> _Task requirements_: In your copy, drop the images and return each record exactly as it stands.

Collection entries
=== Begin Enclosure ===

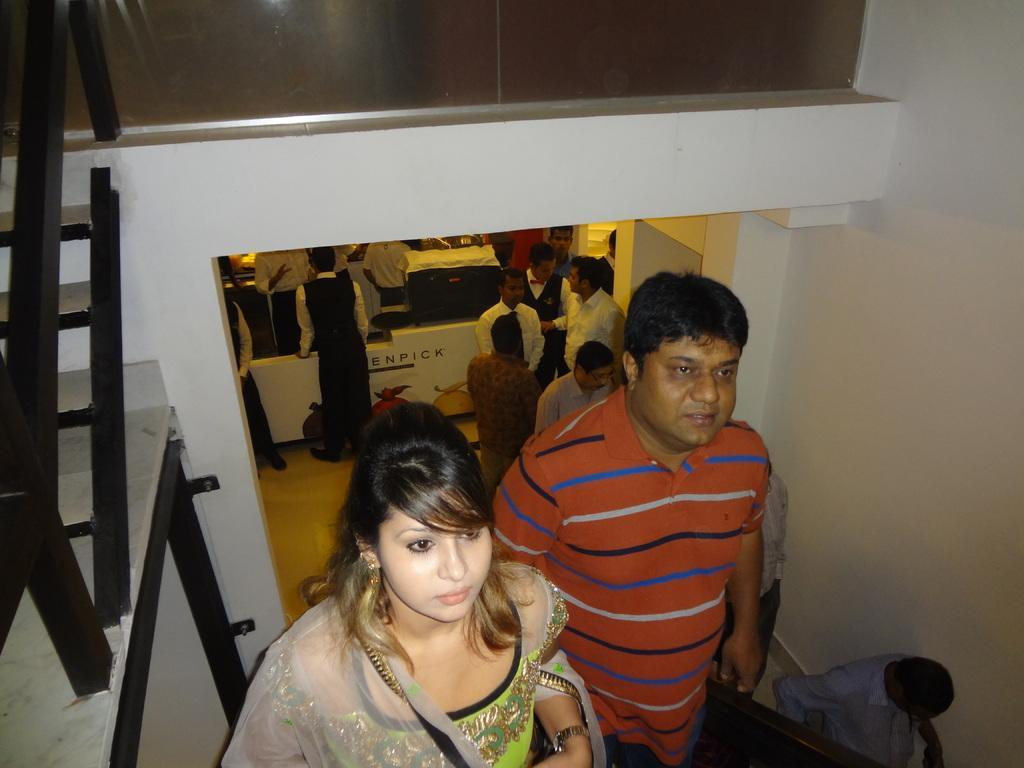What are the people in the image doing? The people in the image are climbing stairs. What can be seen in the background of the image? In the background, there are people standing near tables. What is visible behind the people in the image? There is a wall visible in the background of the image. What type of cactus can be seen on the tables in the image? There are no cacti present in the image. 
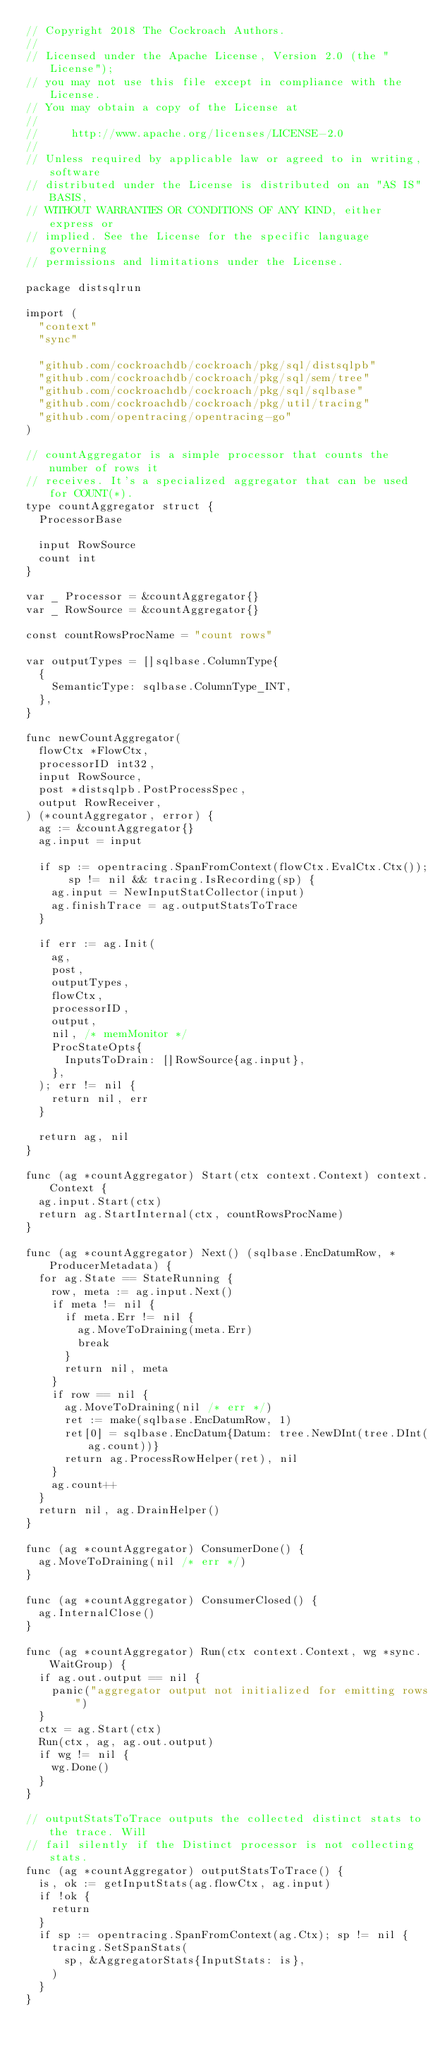<code> <loc_0><loc_0><loc_500><loc_500><_Go_>// Copyright 2018 The Cockroach Authors.
//
// Licensed under the Apache License, Version 2.0 (the "License");
// you may not use this file except in compliance with the License.
// You may obtain a copy of the License at
//
//     http://www.apache.org/licenses/LICENSE-2.0
//
// Unless required by applicable law or agreed to in writing, software
// distributed under the License is distributed on an "AS IS" BASIS,
// WITHOUT WARRANTIES OR CONDITIONS OF ANY KIND, either express or
// implied. See the License for the specific language governing
// permissions and limitations under the License.

package distsqlrun

import (
	"context"
	"sync"

	"github.com/cockroachdb/cockroach/pkg/sql/distsqlpb"
	"github.com/cockroachdb/cockroach/pkg/sql/sem/tree"
	"github.com/cockroachdb/cockroach/pkg/sql/sqlbase"
	"github.com/cockroachdb/cockroach/pkg/util/tracing"
	"github.com/opentracing/opentracing-go"
)

// countAggregator is a simple processor that counts the number of rows it
// receives. It's a specialized aggregator that can be used for COUNT(*).
type countAggregator struct {
	ProcessorBase

	input RowSource
	count int
}

var _ Processor = &countAggregator{}
var _ RowSource = &countAggregator{}

const countRowsProcName = "count rows"

var outputTypes = []sqlbase.ColumnType{
	{
		SemanticType: sqlbase.ColumnType_INT,
	},
}

func newCountAggregator(
	flowCtx *FlowCtx,
	processorID int32,
	input RowSource,
	post *distsqlpb.PostProcessSpec,
	output RowReceiver,
) (*countAggregator, error) {
	ag := &countAggregator{}
	ag.input = input

	if sp := opentracing.SpanFromContext(flowCtx.EvalCtx.Ctx()); sp != nil && tracing.IsRecording(sp) {
		ag.input = NewInputStatCollector(input)
		ag.finishTrace = ag.outputStatsToTrace
	}

	if err := ag.Init(
		ag,
		post,
		outputTypes,
		flowCtx,
		processorID,
		output,
		nil, /* memMonitor */
		ProcStateOpts{
			InputsToDrain: []RowSource{ag.input},
		},
	); err != nil {
		return nil, err
	}

	return ag, nil
}

func (ag *countAggregator) Start(ctx context.Context) context.Context {
	ag.input.Start(ctx)
	return ag.StartInternal(ctx, countRowsProcName)
}

func (ag *countAggregator) Next() (sqlbase.EncDatumRow, *ProducerMetadata) {
	for ag.State == StateRunning {
		row, meta := ag.input.Next()
		if meta != nil {
			if meta.Err != nil {
				ag.MoveToDraining(meta.Err)
				break
			}
			return nil, meta
		}
		if row == nil {
			ag.MoveToDraining(nil /* err */)
			ret := make(sqlbase.EncDatumRow, 1)
			ret[0] = sqlbase.EncDatum{Datum: tree.NewDInt(tree.DInt(ag.count))}
			return ag.ProcessRowHelper(ret), nil
		}
		ag.count++
	}
	return nil, ag.DrainHelper()
}

func (ag *countAggregator) ConsumerDone() {
	ag.MoveToDraining(nil /* err */)
}

func (ag *countAggregator) ConsumerClosed() {
	ag.InternalClose()
}

func (ag *countAggregator) Run(ctx context.Context, wg *sync.WaitGroup) {
	if ag.out.output == nil {
		panic("aggregator output not initialized for emitting rows")
	}
	ctx = ag.Start(ctx)
	Run(ctx, ag, ag.out.output)
	if wg != nil {
		wg.Done()
	}
}

// outputStatsToTrace outputs the collected distinct stats to the trace. Will
// fail silently if the Distinct processor is not collecting stats.
func (ag *countAggregator) outputStatsToTrace() {
	is, ok := getInputStats(ag.flowCtx, ag.input)
	if !ok {
		return
	}
	if sp := opentracing.SpanFromContext(ag.Ctx); sp != nil {
		tracing.SetSpanStats(
			sp, &AggregatorStats{InputStats: is},
		)
	}
}
</code> 
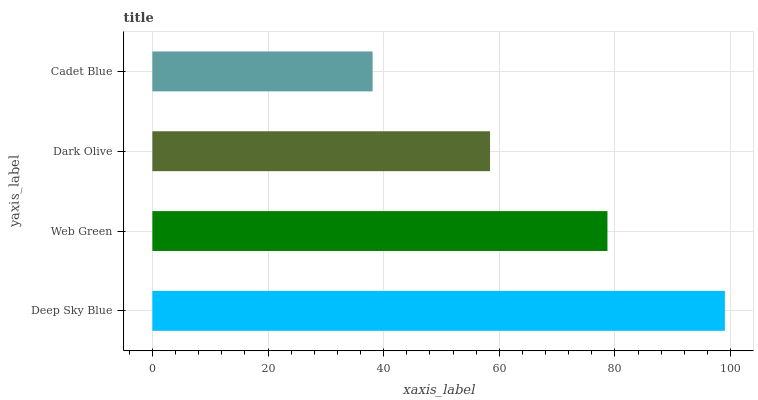Is Cadet Blue the minimum?
Answer yes or no. Yes. Is Deep Sky Blue the maximum?
Answer yes or no. Yes. Is Web Green the minimum?
Answer yes or no. No. Is Web Green the maximum?
Answer yes or no. No. Is Deep Sky Blue greater than Web Green?
Answer yes or no. Yes. Is Web Green less than Deep Sky Blue?
Answer yes or no. Yes. Is Web Green greater than Deep Sky Blue?
Answer yes or no. No. Is Deep Sky Blue less than Web Green?
Answer yes or no. No. Is Web Green the high median?
Answer yes or no. Yes. Is Dark Olive the low median?
Answer yes or no. Yes. Is Cadet Blue the high median?
Answer yes or no. No. Is Deep Sky Blue the low median?
Answer yes or no. No. 
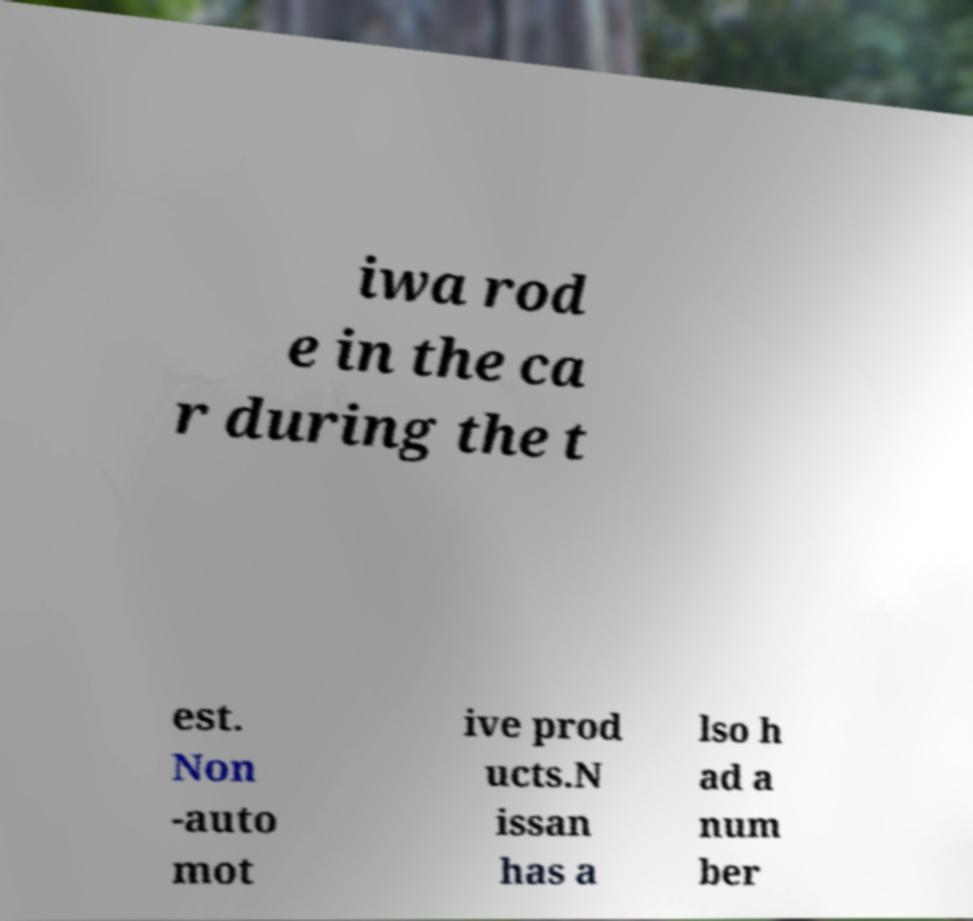Could you extract and type out the text from this image? iwa rod e in the ca r during the t est. Non -auto mot ive prod ucts.N issan has a lso h ad a num ber 
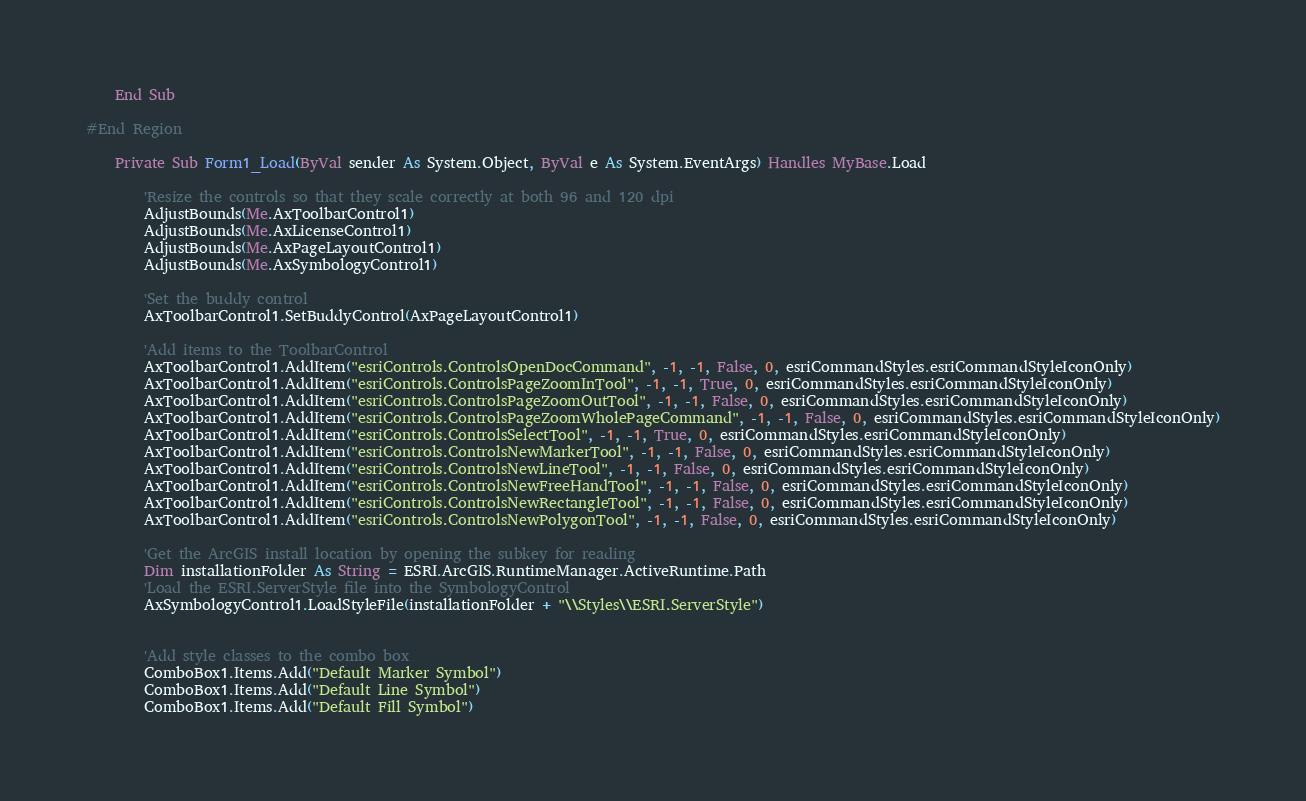Convert code to text. <code><loc_0><loc_0><loc_500><loc_500><_VisualBasic_>
    End Sub

#End Region

    Private Sub Form1_Load(ByVal sender As System.Object, ByVal e As System.EventArgs) Handles MyBase.Load

        'Resize the controls so that they scale correctly at both 96 and 120 dpi
        AdjustBounds(Me.AxToolbarControl1)
        AdjustBounds(Me.AxLicenseControl1)
        AdjustBounds(Me.AxPageLayoutControl1)
        AdjustBounds(Me.AxSymbologyControl1)

        'Set the buddy control
        AxToolbarControl1.SetBuddyControl(AxPageLayoutControl1)

        'Add items to the ToolbarControl
        AxToolbarControl1.AddItem("esriControls.ControlsOpenDocCommand", -1, -1, False, 0, esriCommandStyles.esriCommandStyleIconOnly)
        AxToolbarControl1.AddItem("esriControls.ControlsPageZoomInTool", -1, -1, True, 0, esriCommandStyles.esriCommandStyleIconOnly)
        AxToolbarControl1.AddItem("esriControls.ControlsPageZoomOutTool", -1, -1, False, 0, esriCommandStyles.esriCommandStyleIconOnly)
        AxToolbarControl1.AddItem("esriControls.ControlsPageZoomWholePageCommand", -1, -1, False, 0, esriCommandStyles.esriCommandStyleIconOnly)
        AxToolbarControl1.AddItem("esriControls.ControlsSelectTool", -1, -1, True, 0, esriCommandStyles.esriCommandStyleIconOnly)
        AxToolbarControl1.AddItem("esriControls.ControlsNewMarkerTool", -1, -1, False, 0, esriCommandStyles.esriCommandStyleIconOnly)
        AxToolbarControl1.AddItem("esriControls.ControlsNewLineTool", -1, -1, False, 0, esriCommandStyles.esriCommandStyleIconOnly)
        AxToolbarControl1.AddItem("esriControls.ControlsNewFreeHandTool", -1, -1, False, 0, esriCommandStyles.esriCommandStyleIconOnly)
        AxToolbarControl1.AddItem("esriControls.ControlsNewRectangleTool", -1, -1, False, 0, esriCommandStyles.esriCommandStyleIconOnly)
        AxToolbarControl1.AddItem("esriControls.ControlsNewPolygonTool", -1, -1, False, 0, esriCommandStyles.esriCommandStyleIconOnly)

        'Get the ArcGIS install location by opening the subkey for reading
        Dim installationFolder As String = ESRI.ArcGIS.RuntimeManager.ActiveRuntime.Path
        'Load the ESRI.ServerStyle file into the SymbologyControl
        AxSymbologyControl1.LoadStyleFile(installationFolder + "\\Styles\\ESRI.ServerStyle")


        'Add style classes to the combo box
        ComboBox1.Items.Add("Default Marker Symbol")
        ComboBox1.Items.Add("Default Line Symbol")
        ComboBox1.Items.Add("Default Fill Symbol")</code> 
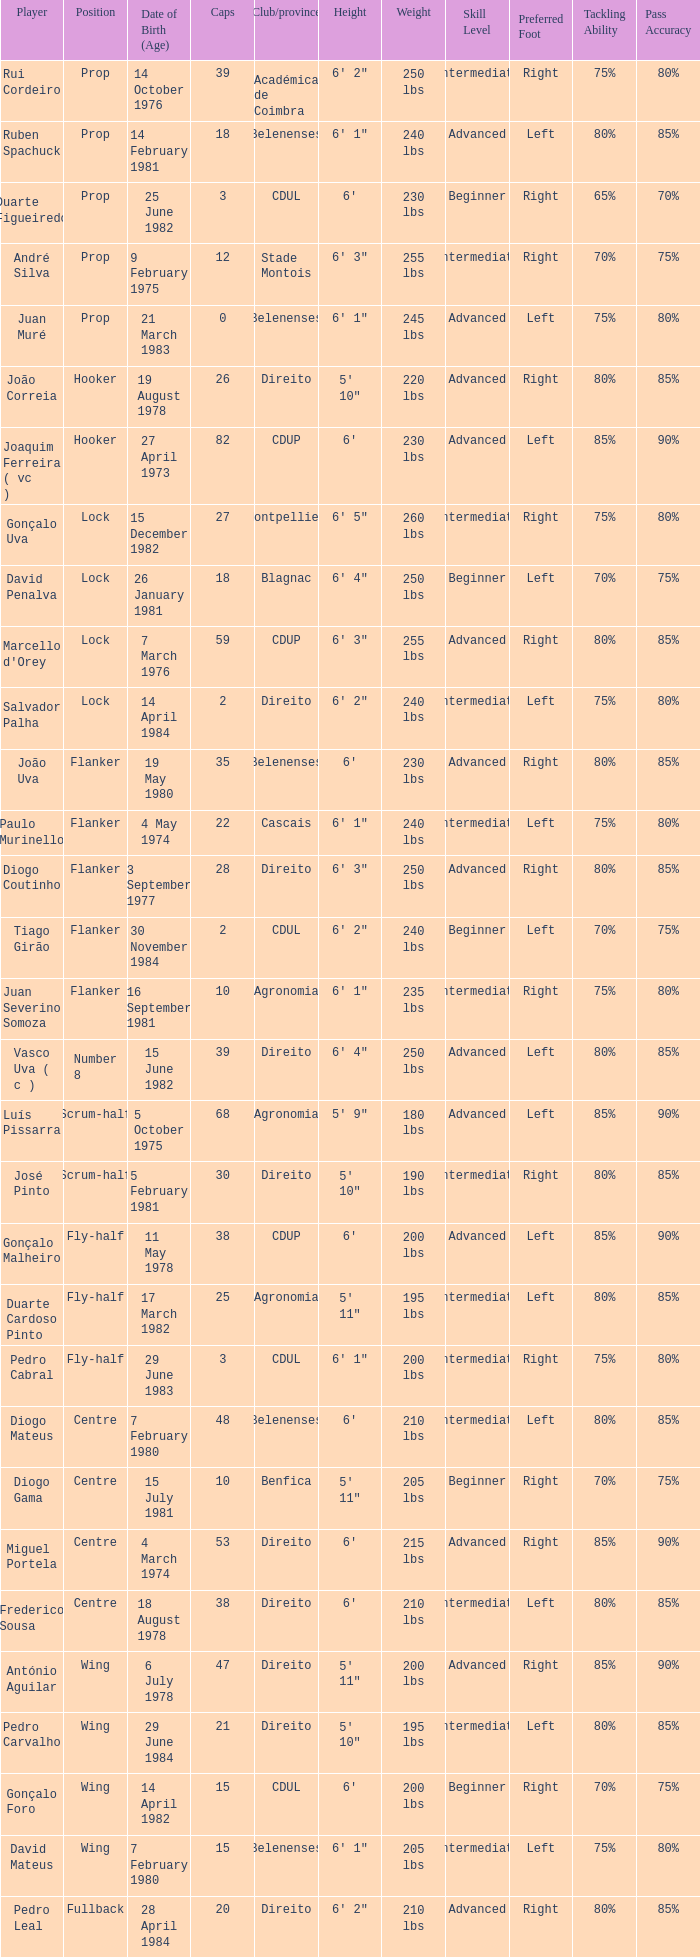How many caps have a Position of prop, and a Player of rui cordeiro? 1.0.

=== End Enclosure ===

> _Answer box_:
What are the people in the image doing? The people in the image are climbing stairs. What can be seen in the background of the image? In the background, there are people standing near tables. What is visible behind the people in the image? There is a wall visible in the background of the image. What type of cactus can be seen on the tables in the image? There are no cacti present in the image. 
<code> <loc_0><loc_0><loc_500><loc_500><_Go_>// Copyright 2018 The Cockroach Authors.
//
// Licensed under the Apache License, Version 2.0 (the "License");
// you may not use this file except in compliance with the License.
// You may obtain a copy of the License at
//
//     http://www.apache.org/licenses/LICENSE-2.0
//
// Unless required by applicable law or agreed to in writing, software
// distributed under the License is distributed on an "AS IS" BASIS,
// WITHOUT WARRANTIES OR CONDITIONS OF ANY KIND, either express or
// implied. See the License for the specific language governing
// permissions and limitations under the License.

package distsqlrun

import (
	"context"
	"sync"

	"github.com/cockroachdb/cockroach/pkg/sql/distsqlpb"
	"github.com/cockroachdb/cockroach/pkg/sql/sem/tree"
	"github.com/cockroachdb/cockroach/pkg/sql/sqlbase"
	"github.com/cockroachdb/cockroach/pkg/util/tracing"
	"github.com/opentracing/opentracing-go"
)

// countAggregator is a simple processor that counts the number of rows it
// receives. It's a specialized aggregator that can be used for COUNT(*).
type countAggregator struct {
	ProcessorBase

	input RowSource
	count int
}

var _ Processor = &countAggregator{}
var _ RowSource = &countAggregator{}

const countRowsProcName = "count rows"

var outputTypes = []sqlbase.ColumnType{
	{
		SemanticType: sqlbase.ColumnType_INT,
	},
}

func newCountAggregator(
	flowCtx *FlowCtx,
	processorID int32,
	input RowSource,
	post *distsqlpb.PostProcessSpec,
	output RowReceiver,
) (*countAggregator, error) {
	ag := &countAggregator{}
	ag.input = input

	if sp := opentracing.SpanFromContext(flowCtx.EvalCtx.Ctx()); sp != nil && tracing.IsRecording(sp) {
		ag.input = NewInputStatCollector(input)
		ag.finishTrace = ag.outputStatsToTrace
	}

	if err := ag.Init(
		ag,
		post,
		outputTypes,
		flowCtx,
		processorID,
		output,
		nil, /* memMonitor */
		ProcStateOpts{
			InputsToDrain: []RowSource{ag.input},
		},
	); err != nil {
		return nil, err
	}

	return ag, nil
}

func (ag *countAggregator) Start(ctx context.Context) context.Context {
	ag.input.Start(ctx)
	return ag.StartInternal(ctx, countRowsProcName)
}

func (ag *countAggregator) Next() (sqlbase.EncDatumRow, *ProducerMetadata) {
	for ag.State == StateRunning {
		row, meta := ag.input.Next()
		if meta != nil {
			if meta.Err != nil {
				ag.MoveToDraining(meta.Err)
				break
			}
			return nil, meta
		}
		if row == nil {
			ag.MoveToDraining(nil /* err */)
			ret := make(sqlbase.EncDatumRow, 1)
			ret[0] = sqlbase.EncDatum{Datum: tree.NewDInt(tree.DInt(ag.count))}
			return ag.ProcessRowHelper(ret), nil
		}
		ag.count++
	}
	return nil, ag.DrainHelper()
}

func (ag *countAggregator) ConsumerDone() {
	ag.MoveToDraining(nil /* err */)
}

func (ag *countAggregator) ConsumerClosed() {
	ag.InternalClose()
}

func (ag *countAggregator) Run(ctx context.Context, wg *sync.WaitGroup) {
	if ag.out.output == nil {
		panic("aggregator output not initialized for emitting rows")
	}
	ctx = ag.Start(ctx)
	Run(ctx, ag, ag.out.output)
	if wg != nil {
		wg.Done()
	}
}

// outputStatsToTrace outputs the collected distinct stats to the trace. Will
// fail silently if the Distinct processor is not collecting stats.
func (ag *countAggregator) outputStatsToTrace() {
	is, ok := getInputStats(ag.flowCtx, ag.input)
	if !ok {
		return
	}
	if sp := opentracing.SpanFromContext(ag.Ctx); sp != nil {
		tracing.SetSpanStats(
			sp, &AggregatorStats{InputStats: is},
		)
	}
}
</code> 
Is Cadet Blue the minimum?
Answer yes or no. Yes. Is Deep Sky Blue the maximum?
Answer yes or no. Yes. Is Web Green the minimum?
Answer yes or no. No. Is Web Green the maximum?
Answer yes or no. No. Is Deep Sky Blue greater than Web Green?
Answer yes or no. Yes. Is Web Green less than Deep Sky Blue?
Answer yes or no. Yes. Is Web Green greater than Deep Sky Blue?
Answer yes or no. No. Is Deep Sky Blue less than Web Green?
Answer yes or no. No. Is Web Green the high median?
Answer yes or no. Yes. Is Dark Olive the low median?
Answer yes or no. Yes. Is Cadet Blue the high median?
Answer yes or no. No. Is Deep Sky Blue the low median?
Answer yes or no. No. 
Could you extract and type out the text from this image? iwa rod e in the ca r during the t est. Non -auto mot ive prod ucts.N issan has a lso h ad a num ber 
Convert code to text. <code><loc_0><loc_0><loc_500><loc_500><_VisualBasic_>
    End Sub

#End Region

    Private Sub Form1_Load(ByVal sender As System.Object, ByVal e As System.EventArgs) Handles MyBase.Load

        'Resize the controls so that they scale correctly at both 96 and 120 dpi
        AdjustBounds(Me.AxToolbarControl1)
        AdjustBounds(Me.AxLicenseControl1)
        AdjustBounds(Me.AxPageLayoutControl1)
        AdjustBounds(Me.AxSymbologyControl1)

        'Set the buddy control
        AxToolbarControl1.SetBuddyControl(AxPageLayoutControl1)

        'Add items to the ToolbarControl
        AxToolbarControl1.AddItem("esriControls.ControlsOpenDocCommand", -1, -1, False, 0, esriCommandStyles.esriCommandStyleIconOnly)
        AxToolbarControl1.AddItem("esriControls.ControlsPageZoomInTool", -1, -1, True, 0, esriCommandStyles.esriCommandStyleIconOnly)
        AxToolbarControl1.AddItem("esriControls.ControlsPageZoomOutTool", -1, -1, False, 0, esriCommandStyles.esriCommandStyleIconOnly)
        AxToolbarControl1.AddItem("esriControls.ControlsPageZoomWholePageCommand", -1, -1, False, 0, esriCommandStyles.esriCommandStyleIconOnly)
        AxToolbarControl1.AddItem("esriControls.ControlsSelectTool", -1, -1, True, 0, esriCommandStyles.esriCommandStyleIconOnly)
        AxToolbarControl1.AddItem("esriControls.ControlsNewMarkerTool", -1, -1, False, 0, esriCommandStyles.esriCommandStyleIconOnly)
        AxToolbarControl1.AddItem("esriControls.ControlsNewLineTool", -1, -1, False, 0, esriCommandStyles.esriCommandStyleIconOnly)
        AxToolbarControl1.AddItem("esriControls.ControlsNewFreeHandTool", -1, -1, False, 0, esriCommandStyles.esriCommandStyleIconOnly)
        AxToolbarControl1.AddItem("esriControls.ControlsNewRectangleTool", -1, -1, False, 0, esriCommandStyles.esriCommandStyleIconOnly)
        AxToolbarControl1.AddItem("esriControls.ControlsNewPolygonTool", -1, -1, False, 0, esriCommandStyles.esriCommandStyleIconOnly)

        'Get the ArcGIS install location by opening the subkey for reading
        Dim installationFolder As String = ESRI.ArcGIS.RuntimeManager.ActiveRuntime.Path
        'Load the ESRI.ServerStyle file into the SymbologyControl
        AxSymbologyControl1.LoadStyleFile(installationFolder + "\\Styles\\ESRI.ServerStyle")


        'Add style classes to the combo box
        ComboBox1.Items.Add("Default Marker Symbol")
        ComboBox1.Items.Add("Default Line Symbol")
        ComboBox1.Items.Add("Default Fill Symbol")</code> 
How many caps have a Position of prop, and a Player of rui cordeiro? 1.0.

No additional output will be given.